Customers flock to your business lured by the prospect of easy money.
The market always rises and where are the customers yachts?
"The days when I keep my gratitude higher than my expectations, I have really good days" RW Hubbard
If you could look under the fingernails of companies like APEX, they're probably doing exactly the same thing.
"According to the complaint, the defendants, doing business as “My Forex Funds,” supposedly offered retail customers the opportunity to become “professional traders” by using Traders Global’s money to trade against third-party “liquidity providers” and share in any trading profits. They assured customers that “your success is our business,” and “we only make money when you do.” But, in reality, Traders Global—not a third-party “liquidity provider”—is the counterparty to substantially all customer trades.
The complaint also alleges that Traders Global actively minimizes the likelihood that customers trade profitably by using pretexts to terminate customer accounts, misleadingly assessing commissions that reduce customer account equity, secretly using specialized software to cause customer orders to be executed at worse prices than appeared to the customer at the time an order was sent, and handicapping the extremely small number of successful customers to decrease customer profits and increase customer losses."
The payout policies are a dead giveaway. You trade, but you don't get paid until they feel like paying you. In the meantime, they're working on finding every excuse not to pay you.
There's only a few companies that actually pay out without any bs - Earn2Trade pays when you earn. I think OneUpTrader does as well. Most of them are just like My Forex Funds - a fee scam.
I agree - but let's not forget that even the regulators' complaint specifies that out of that $310 Mil, they paid out $173 Mil in profits to their traders (not something any spot forex/CFD broker has ever had to do!), and that they employed a huge number of people, had plenty of expenses, etc.
Please don't imagine that I'm trying to "defend" them (far from it!!), but at the same time let's remember that the case hasn't even been heard yet: all that's happened so far is a temporary account-freezing order, pending a court hearing.
But the Fx market is indeed, as you rightly say, very much the Wild West.
My sentiments exactly, although I've often received some heat whenever I bring up these concerns.
I also think there's a bit of misleading marketing (not legal in Norway) here as they will boast about giving you a $150K account when in reality what you're given is say a $5K account (your maximum loss).

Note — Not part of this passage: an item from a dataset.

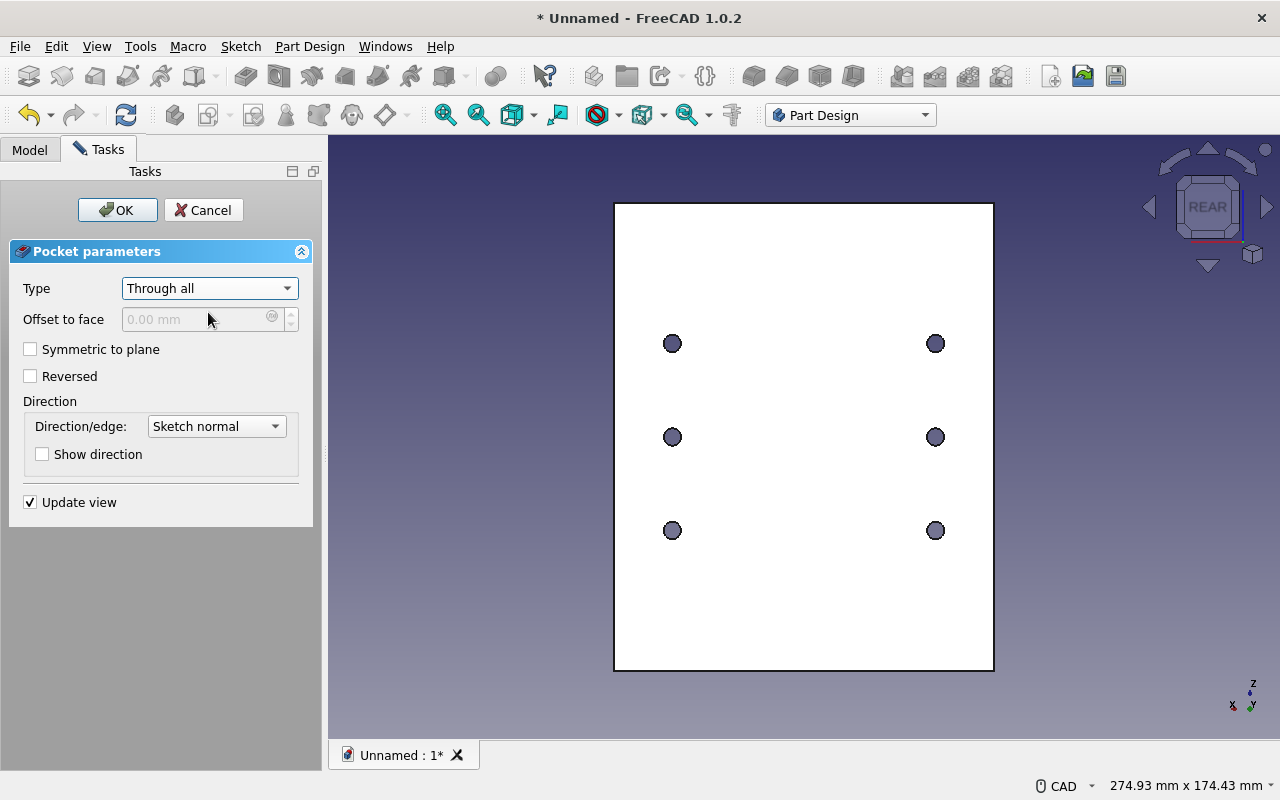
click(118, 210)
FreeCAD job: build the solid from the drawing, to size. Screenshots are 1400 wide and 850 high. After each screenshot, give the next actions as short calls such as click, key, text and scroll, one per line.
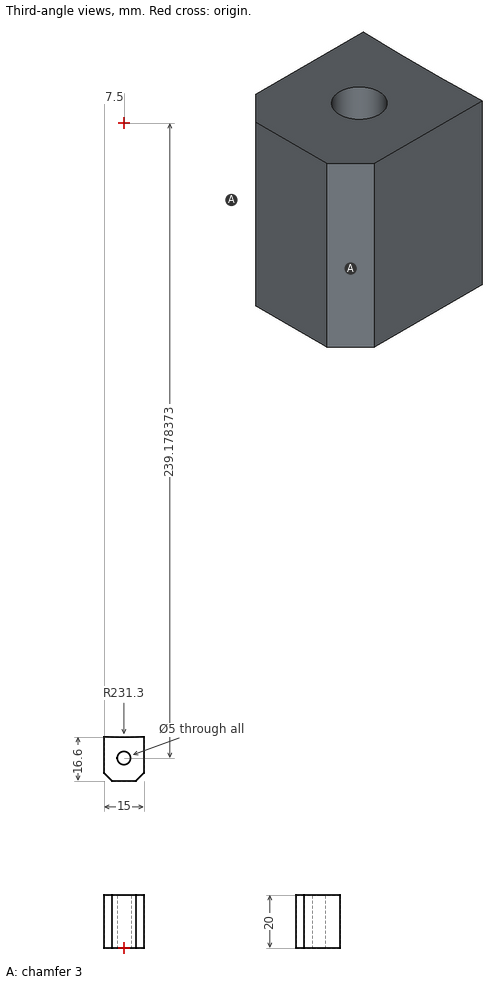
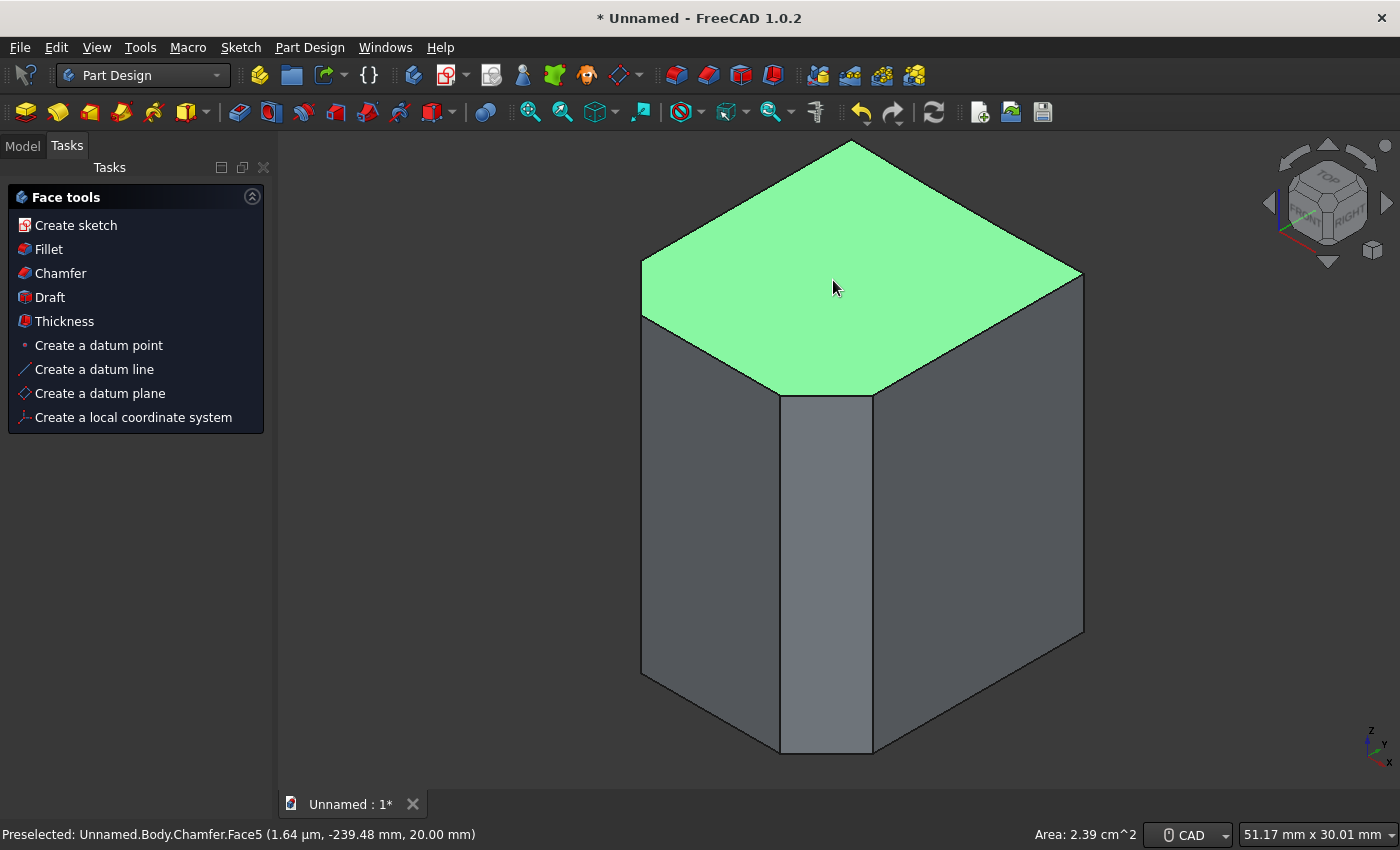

And with the vast majority of firms like Apex which keeps you on the simulator even after you're funded you're not even given an account. It's basically a bucket shop. Nothing else. How can it be when your orders never hit the market?
I'm not surprised if we'll see similar smackdowns on these other firms as well.
For anyone considering these firms, I would stay with E2T or Topstep where you're actually given a real account when funded and there's no restrictions on when you can take a payout. A no brainer in my book.
Let me however add that my intention with this thread wasn't necessarily a debate on these firms, but how much these firms were actually collecting in fees. I had never imagined it would be this much just with one single firm.
Adding together all the other firms it must be a huge, huge sum of money.
Yes, the size of the account is meaningless. It's the maximum loss and draw down allowable which is the real size. If your max loss is $3000, then you're trading a $3000 account. That would mean trading 1 contract (I personally calculate 3:1). They allow you to trade up to 12-14 contracts which is really digging your own grave and then letting you jump in.